Wall Street Set to See New Faces

Best Growth Stock – The chief regulator of U.S. derivatives markets, Gary Gensler is attempting to crack the monopoly of the Wall Street club. He admitted that it will take time to wind up the job. Implementation of Dodd-Frank financial reforms of 2010 is one of the major projects of the Commodity Futures Trading Commission. Gensler declared that the agency under his leadership is striving to attract more businesses to come to this highly profitable derivatives market.

At the future face of Finance Summit on Wednesday, he said that they will try to carry out the Congress’s wish of opening up the market. The results will be there for the public to see in a few years time. At present, JPMorgan Chase, Goldman Sachs, Citigroup, Bank of America and Morgan Stanley are the companies that dominate this worldwide derivatives market which is valued at $600 trillion. Incidentally, Gensler had worked for 18 years at Goldman Sachs where he became a partner at the age of 30. Later on he joined the Treasury Department and became the chairman of CFTC in 2009. Questions have often been asked about liaisons between the Goldman Sachs and the power-brokers in Washington. Gensler said that he his experiences at the Goldman Sachs had often been useful to him in his work. At the same time, he mentioned that he had learnt much since leaving the company.

Gensler had been facing hostile lobbying by Wall Street firms that are bent upon on maintaining the status quo ever since his agency has started working towards enforcing the new rules passed by Congress in the Dodd-Frank law. He said, it is an anti-climax to the government bailing out Wall Street during the 2007-2009 economic crisis as a large portion of the American population are of the opinion that in spite of various reforms, Wall Street still dominates the financial system.

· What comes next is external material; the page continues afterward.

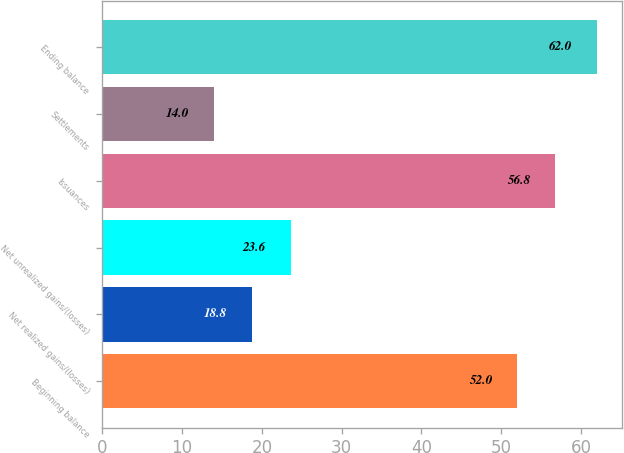<chart> <loc_0><loc_0><loc_500><loc_500><bar_chart><fcel>Beginning balance<fcel>Net realized gains/(losses)<fcel>Net unrealized gains/(losses)<fcel>Issuances<fcel>Settlements<fcel>Ending balance<nl><fcel>52<fcel>18.8<fcel>23.6<fcel>56.8<fcel>14<fcel>62<nl></chart> 
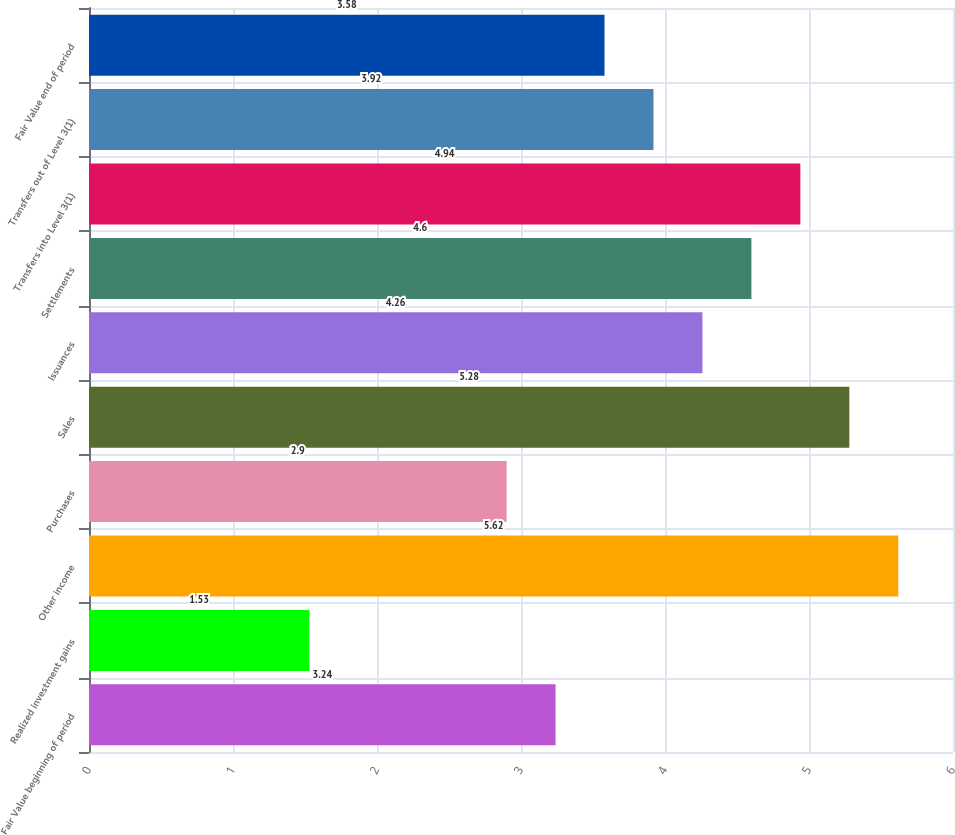Convert chart. <chart><loc_0><loc_0><loc_500><loc_500><bar_chart><fcel>Fair Value beginning of period<fcel>Realized investment gains<fcel>Other income<fcel>Purchases<fcel>Sales<fcel>Issuances<fcel>Settlements<fcel>Transfers into Level 3(1)<fcel>Transfers out of Level 3(1)<fcel>Fair Value end of period<nl><fcel>3.24<fcel>1.53<fcel>5.62<fcel>2.9<fcel>5.28<fcel>4.26<fcel>4.6<fcel>4.94<fcel>3.92<fcel>3.58<nl></chart>

He feels that in order to lessen the risks caused by the market to the system that had earlier been unmonitored, it necessary to clean up as many of these messes as possible.

Among the primary concerns of the Dodd-Frank, one is to forward a major part of the OTC derivatives market through exchanges, electronic trading platforms and central clearinghouses which back up the dealings in derivative contracts. In the opinion of Gensler, it is expected to reduce the risks that the taxpayers stand. In their place, the clearinghouse will deal with the risks. Though this will mean lowering of interconnectedness, the taxpayers stand to gain in the final analysis.

Commenting on the all-pervasive confusion during the calamity of the value of toxic assets on the accounts of major companies like American International Group, he commented that it is better to maintain a degree of transparency. The current laws state that such things are to be estimated each day. The valuations are to be shared by the counter-parties parties. In case of a clearinghouse being involved, it has to make it known to the public. Transparency, clearinghouses and regulation of the dealers are the goals that the agency is aiming to achieve.